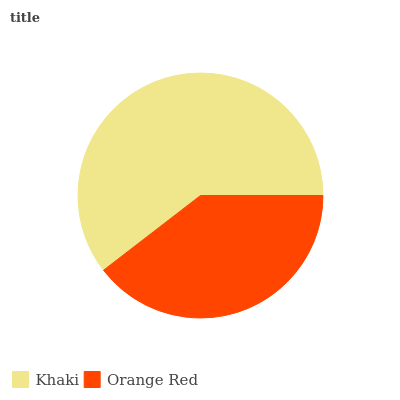Is Orange Red the minimum?
Answer yes or no. Yes. Is Khaki the maximum?
Answer yes or no. Yes. Is Orange Red the maximum?
Answer yes or no. No. Is Khaki greater than Orange Red?
Answer yes or no. Yes. Is Orange Red less than Khaki?
Answer yes or no. Yes. Is Orange Red greater than Khaki?
Answer yes or no. No. Is Khaki less than Orange Red?
Answer yes or no. No. Is Khaki the high median?
Answer yes or no. Yes. Is Orange Red the low median?
Answer yes or no. Yes. Is Orange Red the high median?
Answer yes or no. No. Is Khaki the low median?
Answer yes or no. No.
_ _ _
Give back the records word for word, without their pictures.

## Result for this task
Is Orange Red the minimum?
Answer yes or no. Yes. Is Khaki the maximum?
Answer yes or no. Yes. Is Orange Red the maximum?
Answer yes or no. No. Is Khaki greater than Orange Red?
Answer yes or no. Yes. Is Orange Red less than Khaki?
Answer yes or no. Yes. Is Orange Red greater than Khaki?
Answer yes or no. No. Is Khaki less than Orange Red?
Answer yes or no. No. Is Khaki the high median?
Answer yes or no. Yes. Is Orange Red the low median?
Answer yes or no. Yes. Is Orange Red the high median?
Answer yes or no. No. Is Khaki the low median?
Answer yes or no. No.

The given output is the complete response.